West Midlands Regional Genetics Service, Birmingham Women's and Children's NHS Foundation Trust, Birmingham, UK.
West Midlands Regional Genetics Service, Birmingham Women's and Children's NHS Foundation Trust, Birmingham, UK.
Eur J Med Genet. 2022 Sep;65(9):104571. doi: 10.1016/j.ejmg.2022.104571. Epub 2022 Jul 14.
Genetic disorders are a significant cause of paediatric morbidity and mortality. Rapid exome sequencing was introduced by the National Health Service (NHS) in England on 1 October 2019 for acutely unwell children with a likely monogenic disorder, or to inform current pregnancy management where there was a previously affected child or fetus. We present results of a 12-month patient cohort from one large clinical genetics centre in England.
Patients were identified through local genetics laboratory records. We included all cases which underwent rapid exome sequencing between 1 October 2020 and 30 September 2021. DNA was extracted, quality checked and exported to the Exeter Genomic laboratory where library preparation, exome sequencing of all known human genes, gene-agnostic bioinformatic analysis, variant interpretation, MDT discussions and reporting were performed.
Ninety-five probands were included. Trio analysis was performed in 90% (85), duo in 8% (8), singleton in 2% (2). The median turnaround time for preliminary reports was 11 days.

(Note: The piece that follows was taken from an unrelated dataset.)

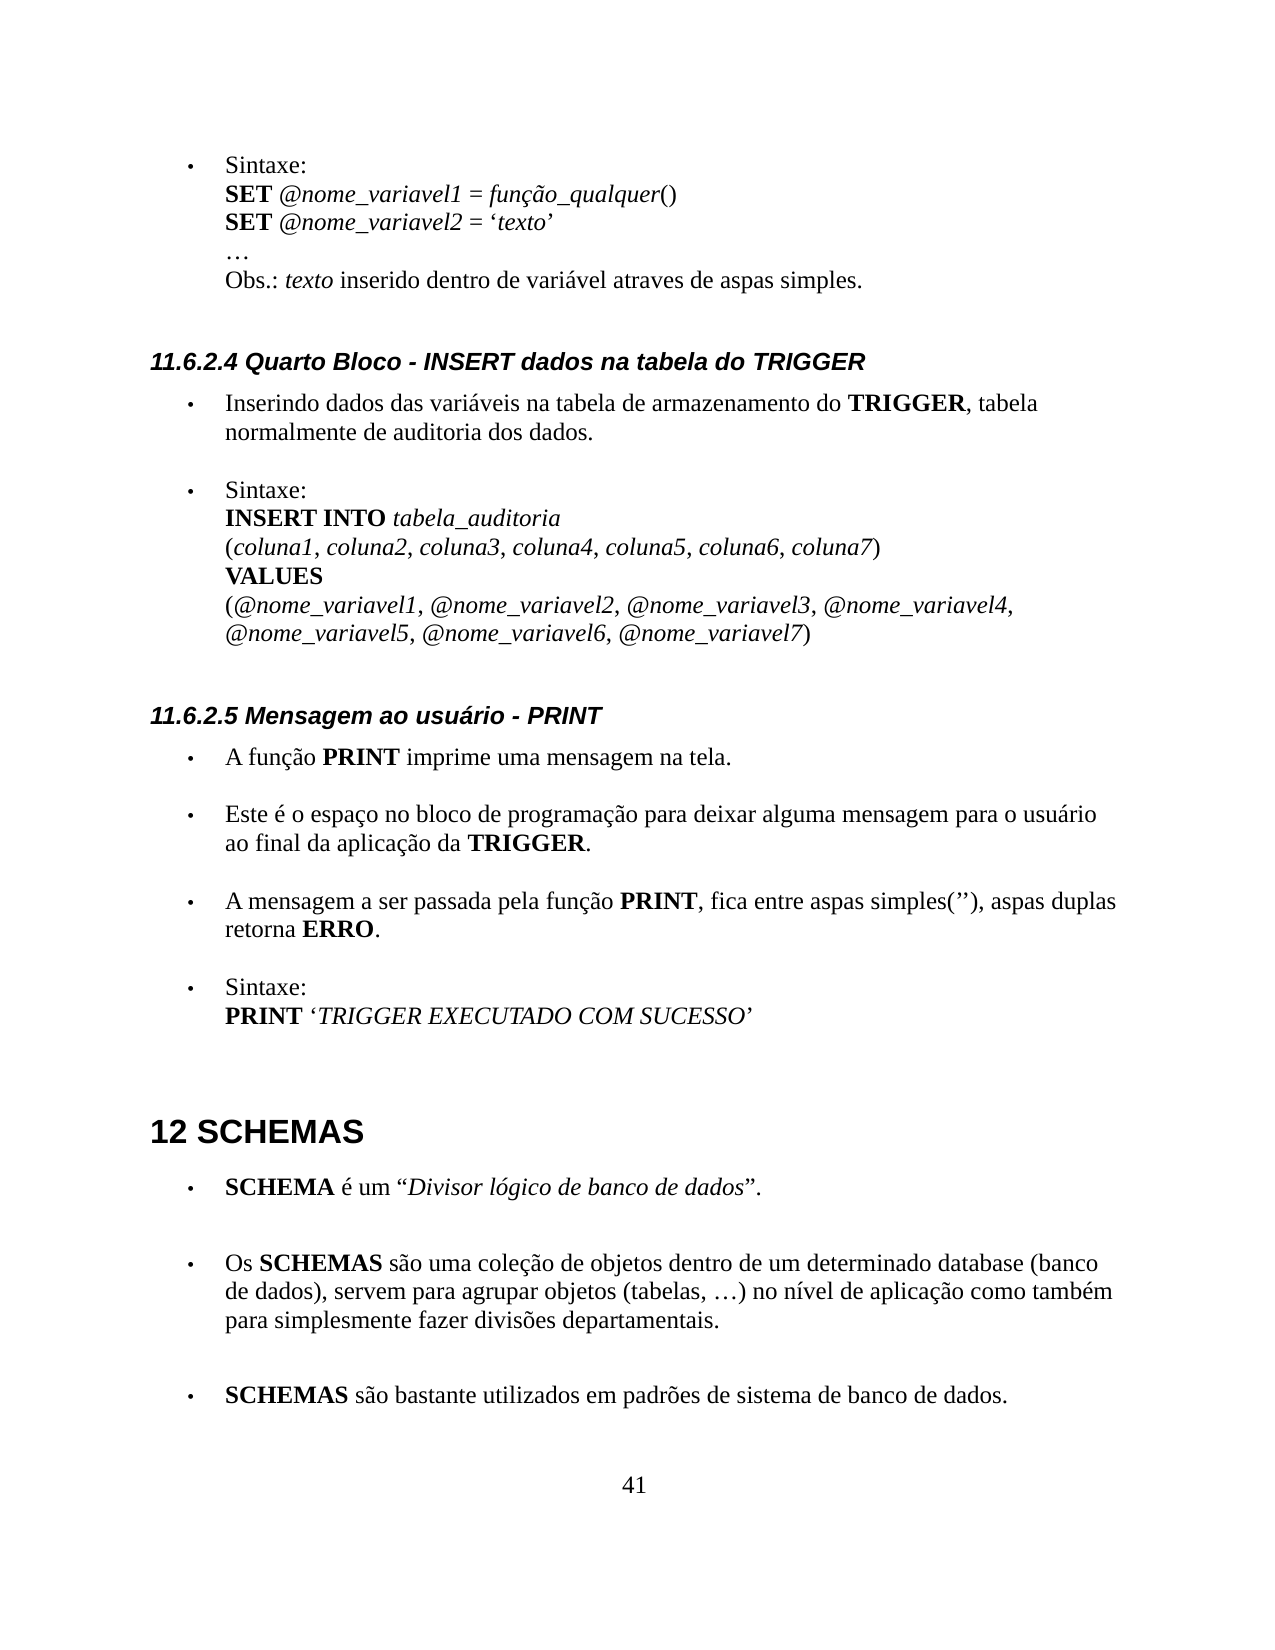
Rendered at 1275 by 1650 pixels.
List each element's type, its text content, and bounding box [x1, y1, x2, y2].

The overall diagnostic yield was 40% (38 patients); 36% (34 patients) made solely on exome with a further 4% on concomitant exome and microarray analysis. Highest diagnostic rates were seen in patients with neuro-regression, skeletal dysplasia, neuromuscular and neurometabolic conditions. Where the diagnosis was made solely through exome sequencing, management was altered for the proband or family in 97% (33/34). For the proband, this was most commonly that the diagnosis was able to inform current management and prognosis (20 patients, 59%), as well as direct specialist referrals (10 patients, 29%). For families, the exome sequencing results provided accurate recurrence risk counselling in 88% (30/34) with cascade testing offered if indicated in some families.
In the majority of cases, the genetic diagnoses influenced acute and long-term management for critically ill children and their families. Paediatric and neonatal clinicians in the NHS now have direct access to exome sequencing for their patients. The rapid turnaround time was particularly helpful to alter the management in acute clinical settings and is a powerful tool for diagnosing monogenic conditions. This study is an example of a highly successful integration of a national rapid exome sequencing service with diagnostic rates comparable to previously reported literature.
遗传疾病是导致儿科发病率和死亡率的重要原因。英国国民保健制度(NHS)于 2019 年 10 月 1 日推出了快速外显子组测序,用于治疗患有可能为单基因疾病的急性不适儿童,或在先前有受影响儿童或胎儿的情况下为当前妊娠管理提供信息。我们报告了英国一个大型临床遗传学中心的 12 个月患者队列的结果。
通过当地遗传实验室记录确定患者。我们纳入了 2020 年 10 月 1 日至 2021 年 9 月 30 日期间进行快速外显子组测序的所有病例。提取 DNA,进行质量检查并输出到埃克塞特基因组学实验室,在那里进行文库制备、所有已知人类基因的外显子测序、无基因的生物信息学分析、变体解释、MDT 讨论和报告。
95 名先证者被纳入研究。90%(85 例)进行了三核苷酸分析,8%(8 例)进行了二核苷酸分析,2%(2 例)进行了单核苷酸分析。初步报告的中位周转时间为 11 天。总体诊断率为 40%(38 例);36%(34 例)仅通过外显子组测序获得,另有 4%通过外显子组和微阵列分析获得。在神经发育迟缓、骨骼发育不良、神经肌肉和神经代谢疾病患者中,诊断率最高。仅通过外显子组测序获得的诊断,97%(33/34)改变了先证者或家族的治疗方案。对于先证者,这通常是因为诊断能够为当前的管理和预后提供信息(20 例,59%),以及直接进行专科转诊(10 例,29%)。对于家族,外显子组测序结果在 88%(30/34)的情况下提供了准确的复发风险咨询,如果需要,一些家族还提供了级联检测。
在大多数情况下,基因诊断影响了重症儿童及其家庭的急性和长期管理。英国国民保健制度的儿科和新生儿临床医生现在可以直接为他们的患者提供外显子组测序。快速的周转时间特别有助于改变急性临床环境中的治疗方案,是诊断单基因疾病的有力工具。本研究是一个成功整合全国快速外显子组测序服务的例子,其诊断率与以前报道的文献相当。